Elements of an effective brand promise

Elements of an effective brand promise


by: Patrik Bindea

Here’s a promise: by the end of this article you’ll know exactly what a brand promise is and you’ll have plenty of examples that will help you have your own in a matter of minutes.

And there’s something more.

Related: An 8-step brand development strategy

Are you ever a bit confused about some of the marketing jargon out there?

Maybe you’re wondering:

  • Is a brand promise the same thing as a tagline?

  • Is it a word? Is it a phrase? Is it a 30-second pitch?

  • Is there a difference between a brand promise and a unique value proposition?

I understand—everyone is using these terms with their own interpretation, right?

Fortunately, by the end of this article, everything will be clear. Promise.

Ready? Let’s dive right in!

What is a brand promise?

What’s the first thing that comes to your mind when I say Las Vegas? Was it something related to gambling, poker, blackjack, casinos or nightlife?

What’s the first thing you think about when I say Volvo? Was it something related to safety?
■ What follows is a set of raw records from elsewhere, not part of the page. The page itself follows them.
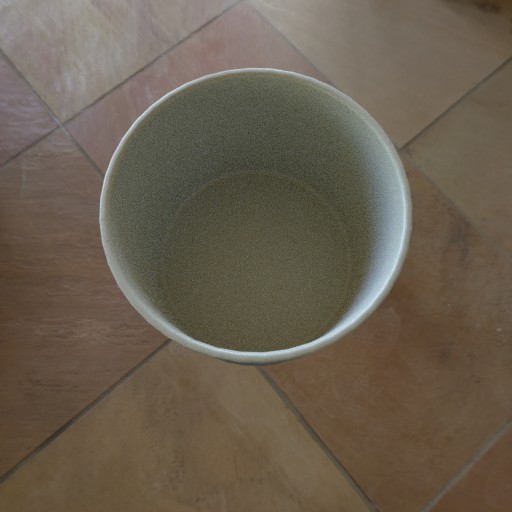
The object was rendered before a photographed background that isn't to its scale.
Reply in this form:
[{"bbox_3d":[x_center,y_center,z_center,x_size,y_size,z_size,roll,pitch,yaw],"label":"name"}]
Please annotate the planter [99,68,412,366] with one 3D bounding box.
[{"bbox_3d":[0.000,0.000,0.399,0.192,0.263,0.192,0,75,0],"label":"planter"}]
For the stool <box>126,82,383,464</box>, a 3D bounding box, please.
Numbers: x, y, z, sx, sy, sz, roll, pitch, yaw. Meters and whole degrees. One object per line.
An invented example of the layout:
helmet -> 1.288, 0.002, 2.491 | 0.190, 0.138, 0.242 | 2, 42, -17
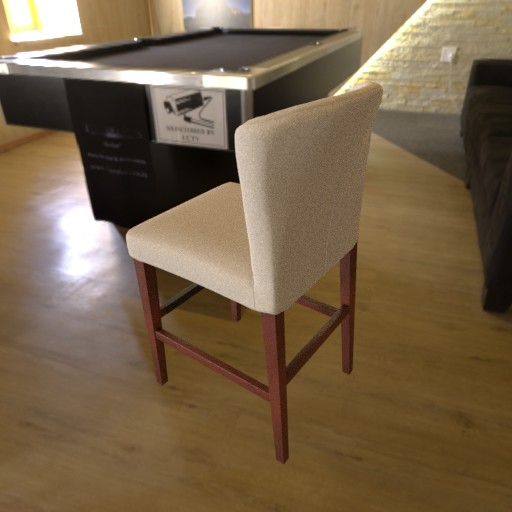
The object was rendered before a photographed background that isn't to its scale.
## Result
stool -> 0.000, 0.000, 1.271 | 0.568, 0.968, 0.479 | 20, 37, 30
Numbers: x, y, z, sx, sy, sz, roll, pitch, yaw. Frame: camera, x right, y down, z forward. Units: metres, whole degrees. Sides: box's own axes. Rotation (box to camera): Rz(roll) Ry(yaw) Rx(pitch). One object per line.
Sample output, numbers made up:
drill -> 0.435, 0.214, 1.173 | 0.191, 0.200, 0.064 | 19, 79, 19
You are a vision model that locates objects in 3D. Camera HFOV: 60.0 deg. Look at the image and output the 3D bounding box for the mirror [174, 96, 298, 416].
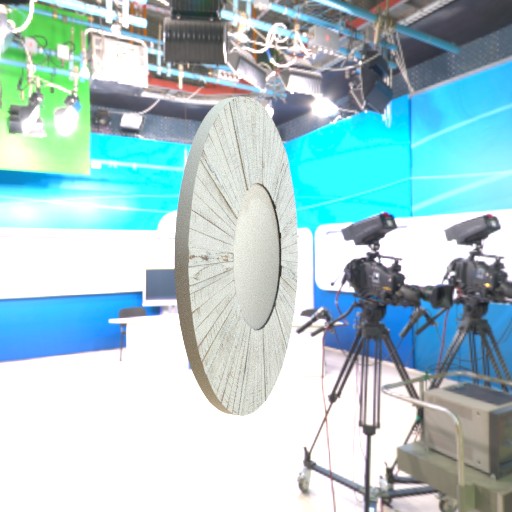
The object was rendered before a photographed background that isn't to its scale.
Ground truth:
mirror -> 0.000, 0.000, 1.343 | 0.038, 0.914, 0.914 | 0, 1, 20

What’s the first thought you have when I say Mercedes? Was it something about quality and luxury?

You see, a brand promise is your perception of how you feel about a brand.

A brand promise is not a tagline.

Do you know the tagline of Mercedes or Volvo?

Probably not, right? But you know what their promise is.

You know that they promise you a luxury car (Mercedes) or a safe car (Volvo).

And there’s one more important thing. You know that they can keep their promises.

But, this is starting to sound like a unique value proposition, right? You promise something that only you have, and people will remember you. Or... is it?

Let’s see.

A brand promise is not a unique value proposition (but it incorporates one).

A unique value proposition (or a unique selling point) basically says:

  1. What you do

  2. Who you serve (or sell to)

  3. How you solve your customer’s needs

  4. And how you’re different.

Here are a couple of examples:

For {target} who {statement of the need or opportunity}, {Name} is {product category} that {statement of benefit}.

For content marketing companies who always have tight deadlines, ContentBoost is the content creation software which helps teams produce long-form articles, blog posts and ebooks on high-speed because it lets you build on each other’s ideas.

We help X do Y doing Z

We help content creation teams write better and faster by dragging and dropping research into documents.

We do X, but the difference is {primary differentiator}

We help content teams put all their content together, but the difference is that writers are also able to pull from that database and add to a library of bite-sized research.

Is this enough to have a strong brand promise? Let’s do a quick imagination exercise.

You and I don’t know each other.

But let’s say we randomly meet at an event, and I tell you I recently started a company that creates the safest cars on the road ever — even better than Volvo.

Basically, let’s say I just tell you my unique value proposition. A simple statement that says what my company does for who and how we’re different.

Would you believe me? Probably not, right? You’ve just met me.

And if someone asked you half a year later what the top 3 safest car brands are, would you mention my company?

There’s probably 0 chance you have that instant association between my company and your safety. This is why a unique selling point is different than a brand promise.

So what is, in fact, a brand promise?

There are two kinds of brand promises: an implied one and an explicit one

For instance, an element of every airline company’s brand promise is that they will get you to your destination safely. You don’t have to promise that any more. It’s an obvious (implied) brand promise.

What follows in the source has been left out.